Aanvraag BIK-verklaring
De aanvraag van een BIK-verklaring kan vanaf 1 september 2021 elektronisch worden gedaan bij de Rijksdienst voor Ondernemend Nederland (RVO). Een BIK-inhoudingsplichtige kan maximaal vier BIK-verklaringen per kalenderjaar aanvragen, maar niet meer dan één aanvraag per kwartaal. De maximale doorlooptijd voor de afgifte van een BIK-verklaring is 12 weken. Na ontvangst van de verklaring kunnen bedrijven de korting verrekenen met de loonheffing.
Bezwaren
De BIK brengt mijn inziens veel bezwaren met zich mee. Ik noem er een aantal:
- Indien de loonsom van een onderneming niet hoog genoeg is, is deze niet in staat om de BIK te verzilveren.

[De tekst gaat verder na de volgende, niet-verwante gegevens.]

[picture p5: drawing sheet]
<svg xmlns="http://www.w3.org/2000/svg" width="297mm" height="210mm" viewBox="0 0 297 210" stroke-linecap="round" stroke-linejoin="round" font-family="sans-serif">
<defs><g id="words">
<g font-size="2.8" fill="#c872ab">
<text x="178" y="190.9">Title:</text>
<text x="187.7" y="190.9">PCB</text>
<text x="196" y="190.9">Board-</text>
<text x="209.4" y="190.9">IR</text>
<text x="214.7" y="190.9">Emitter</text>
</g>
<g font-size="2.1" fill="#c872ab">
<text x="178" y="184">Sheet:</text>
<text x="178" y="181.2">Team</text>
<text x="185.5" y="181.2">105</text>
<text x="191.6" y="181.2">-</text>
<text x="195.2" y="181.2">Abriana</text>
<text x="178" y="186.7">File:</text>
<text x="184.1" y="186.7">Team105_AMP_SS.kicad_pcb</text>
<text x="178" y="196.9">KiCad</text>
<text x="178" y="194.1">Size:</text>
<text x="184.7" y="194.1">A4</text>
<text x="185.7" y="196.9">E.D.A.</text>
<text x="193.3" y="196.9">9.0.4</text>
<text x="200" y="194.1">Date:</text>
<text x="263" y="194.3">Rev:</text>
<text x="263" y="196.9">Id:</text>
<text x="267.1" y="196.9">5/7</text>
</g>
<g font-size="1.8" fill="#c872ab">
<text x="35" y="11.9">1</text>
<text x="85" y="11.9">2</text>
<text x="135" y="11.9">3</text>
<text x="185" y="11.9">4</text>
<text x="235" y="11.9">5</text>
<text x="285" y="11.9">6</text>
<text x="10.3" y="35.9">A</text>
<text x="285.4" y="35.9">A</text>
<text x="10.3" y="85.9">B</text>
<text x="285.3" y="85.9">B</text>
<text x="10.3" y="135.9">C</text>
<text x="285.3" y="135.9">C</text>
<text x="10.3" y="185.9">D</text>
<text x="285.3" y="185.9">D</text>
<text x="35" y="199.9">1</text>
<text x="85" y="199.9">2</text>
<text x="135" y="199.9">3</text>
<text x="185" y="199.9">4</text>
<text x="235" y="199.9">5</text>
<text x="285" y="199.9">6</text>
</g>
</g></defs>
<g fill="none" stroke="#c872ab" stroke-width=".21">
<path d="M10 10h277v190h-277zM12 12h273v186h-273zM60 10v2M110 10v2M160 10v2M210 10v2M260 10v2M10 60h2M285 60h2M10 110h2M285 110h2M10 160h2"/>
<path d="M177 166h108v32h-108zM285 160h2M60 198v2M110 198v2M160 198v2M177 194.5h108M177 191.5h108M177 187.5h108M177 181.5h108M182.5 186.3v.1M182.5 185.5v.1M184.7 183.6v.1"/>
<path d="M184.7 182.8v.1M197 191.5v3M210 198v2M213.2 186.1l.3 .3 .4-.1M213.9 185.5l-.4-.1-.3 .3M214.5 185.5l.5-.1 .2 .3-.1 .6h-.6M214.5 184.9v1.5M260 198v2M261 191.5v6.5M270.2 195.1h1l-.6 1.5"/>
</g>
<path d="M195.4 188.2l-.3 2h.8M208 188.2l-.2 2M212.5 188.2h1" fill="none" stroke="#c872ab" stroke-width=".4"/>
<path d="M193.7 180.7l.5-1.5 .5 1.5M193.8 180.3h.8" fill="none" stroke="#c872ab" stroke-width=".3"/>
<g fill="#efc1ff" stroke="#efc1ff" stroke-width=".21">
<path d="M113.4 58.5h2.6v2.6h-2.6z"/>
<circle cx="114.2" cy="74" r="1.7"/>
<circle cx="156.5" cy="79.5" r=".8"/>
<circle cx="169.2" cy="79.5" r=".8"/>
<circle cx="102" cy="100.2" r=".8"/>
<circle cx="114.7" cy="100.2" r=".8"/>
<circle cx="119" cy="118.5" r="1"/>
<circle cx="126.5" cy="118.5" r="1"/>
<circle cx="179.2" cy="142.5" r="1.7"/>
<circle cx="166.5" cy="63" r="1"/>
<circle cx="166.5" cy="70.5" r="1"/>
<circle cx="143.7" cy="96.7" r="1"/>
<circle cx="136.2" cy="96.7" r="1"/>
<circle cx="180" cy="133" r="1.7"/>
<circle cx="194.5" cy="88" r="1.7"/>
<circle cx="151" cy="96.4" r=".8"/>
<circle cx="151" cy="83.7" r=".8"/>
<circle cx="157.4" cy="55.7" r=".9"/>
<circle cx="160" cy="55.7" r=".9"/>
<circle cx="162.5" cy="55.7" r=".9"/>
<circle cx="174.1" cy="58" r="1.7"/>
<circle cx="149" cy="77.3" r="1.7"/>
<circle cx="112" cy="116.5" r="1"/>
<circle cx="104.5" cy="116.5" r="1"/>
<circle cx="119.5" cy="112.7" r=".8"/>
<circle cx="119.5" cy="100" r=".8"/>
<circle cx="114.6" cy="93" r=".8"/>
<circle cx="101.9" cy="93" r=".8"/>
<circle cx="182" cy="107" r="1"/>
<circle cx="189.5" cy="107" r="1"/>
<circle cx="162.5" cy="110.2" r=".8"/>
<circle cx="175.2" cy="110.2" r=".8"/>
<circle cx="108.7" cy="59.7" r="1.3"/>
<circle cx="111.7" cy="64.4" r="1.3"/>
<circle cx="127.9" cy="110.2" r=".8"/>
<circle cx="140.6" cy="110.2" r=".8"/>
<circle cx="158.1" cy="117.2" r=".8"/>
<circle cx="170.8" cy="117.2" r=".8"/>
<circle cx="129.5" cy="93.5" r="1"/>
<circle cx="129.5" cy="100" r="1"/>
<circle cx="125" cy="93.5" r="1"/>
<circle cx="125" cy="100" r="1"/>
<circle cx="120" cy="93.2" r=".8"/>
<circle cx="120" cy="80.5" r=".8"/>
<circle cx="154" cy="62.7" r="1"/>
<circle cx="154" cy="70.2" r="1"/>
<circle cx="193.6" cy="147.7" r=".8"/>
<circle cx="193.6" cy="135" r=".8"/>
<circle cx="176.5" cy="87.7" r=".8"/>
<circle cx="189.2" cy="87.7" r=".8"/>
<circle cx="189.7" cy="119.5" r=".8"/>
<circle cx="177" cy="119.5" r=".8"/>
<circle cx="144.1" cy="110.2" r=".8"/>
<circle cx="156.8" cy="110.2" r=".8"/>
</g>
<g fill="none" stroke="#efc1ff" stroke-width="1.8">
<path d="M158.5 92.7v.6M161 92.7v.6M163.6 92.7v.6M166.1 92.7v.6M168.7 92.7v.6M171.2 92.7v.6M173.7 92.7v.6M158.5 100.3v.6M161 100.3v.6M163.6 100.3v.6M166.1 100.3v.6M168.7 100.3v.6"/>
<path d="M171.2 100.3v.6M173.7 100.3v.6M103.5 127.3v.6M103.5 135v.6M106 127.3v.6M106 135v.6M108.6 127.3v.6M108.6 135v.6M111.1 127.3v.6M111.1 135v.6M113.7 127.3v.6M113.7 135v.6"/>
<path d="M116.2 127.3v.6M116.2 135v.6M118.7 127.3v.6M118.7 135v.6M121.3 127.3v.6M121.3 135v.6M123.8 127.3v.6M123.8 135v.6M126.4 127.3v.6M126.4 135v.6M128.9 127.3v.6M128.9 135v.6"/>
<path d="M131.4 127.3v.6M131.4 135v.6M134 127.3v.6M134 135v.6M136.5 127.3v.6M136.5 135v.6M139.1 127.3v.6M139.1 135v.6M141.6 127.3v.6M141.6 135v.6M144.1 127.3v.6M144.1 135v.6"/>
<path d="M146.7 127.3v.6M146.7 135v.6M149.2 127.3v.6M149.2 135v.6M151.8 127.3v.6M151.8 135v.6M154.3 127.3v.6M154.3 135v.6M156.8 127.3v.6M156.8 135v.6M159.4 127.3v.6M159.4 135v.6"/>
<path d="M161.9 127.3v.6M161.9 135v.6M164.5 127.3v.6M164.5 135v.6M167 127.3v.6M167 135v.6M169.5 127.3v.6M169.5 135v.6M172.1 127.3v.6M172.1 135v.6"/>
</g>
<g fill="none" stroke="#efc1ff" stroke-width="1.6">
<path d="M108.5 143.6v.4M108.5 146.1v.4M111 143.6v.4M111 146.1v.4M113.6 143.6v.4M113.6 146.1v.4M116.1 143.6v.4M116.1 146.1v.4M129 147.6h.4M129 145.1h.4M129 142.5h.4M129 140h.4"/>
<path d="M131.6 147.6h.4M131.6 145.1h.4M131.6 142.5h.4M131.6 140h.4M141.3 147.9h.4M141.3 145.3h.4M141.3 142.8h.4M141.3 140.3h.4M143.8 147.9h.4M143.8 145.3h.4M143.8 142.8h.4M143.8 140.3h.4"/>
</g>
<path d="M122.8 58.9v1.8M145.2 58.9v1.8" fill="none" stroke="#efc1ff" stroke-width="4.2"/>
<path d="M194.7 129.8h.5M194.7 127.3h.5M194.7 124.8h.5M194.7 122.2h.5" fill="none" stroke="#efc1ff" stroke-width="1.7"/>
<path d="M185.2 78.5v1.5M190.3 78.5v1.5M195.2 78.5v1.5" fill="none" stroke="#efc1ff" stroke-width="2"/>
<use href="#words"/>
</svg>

- De BIK-inhoudingsplichtige moet een administratie bij houden die aan allerlei regels dient te voldoen. Dit brengt veel extra administratieve rompslomp met zich mee.
- De ondernemingen kunnen pas begin 2022 voor het eerst de korting in mindering brengen op de afdracht loonheffing.
- Mocht achteraf blijken dat een onjuiste BIK-aanvraag is gedaan of dat de verplichte administratie niet op orde is, dan kan een correctie-BIK-verklaring worden opgelegd.
- Indien bewust een onjuiste BIK-verklaring is aangevraagd, kan achteraf een boete tot € 100.000 worden opgelegd. De hoogte van deze boete staat niet in verhouding tot het bedrag aan investeringskorting.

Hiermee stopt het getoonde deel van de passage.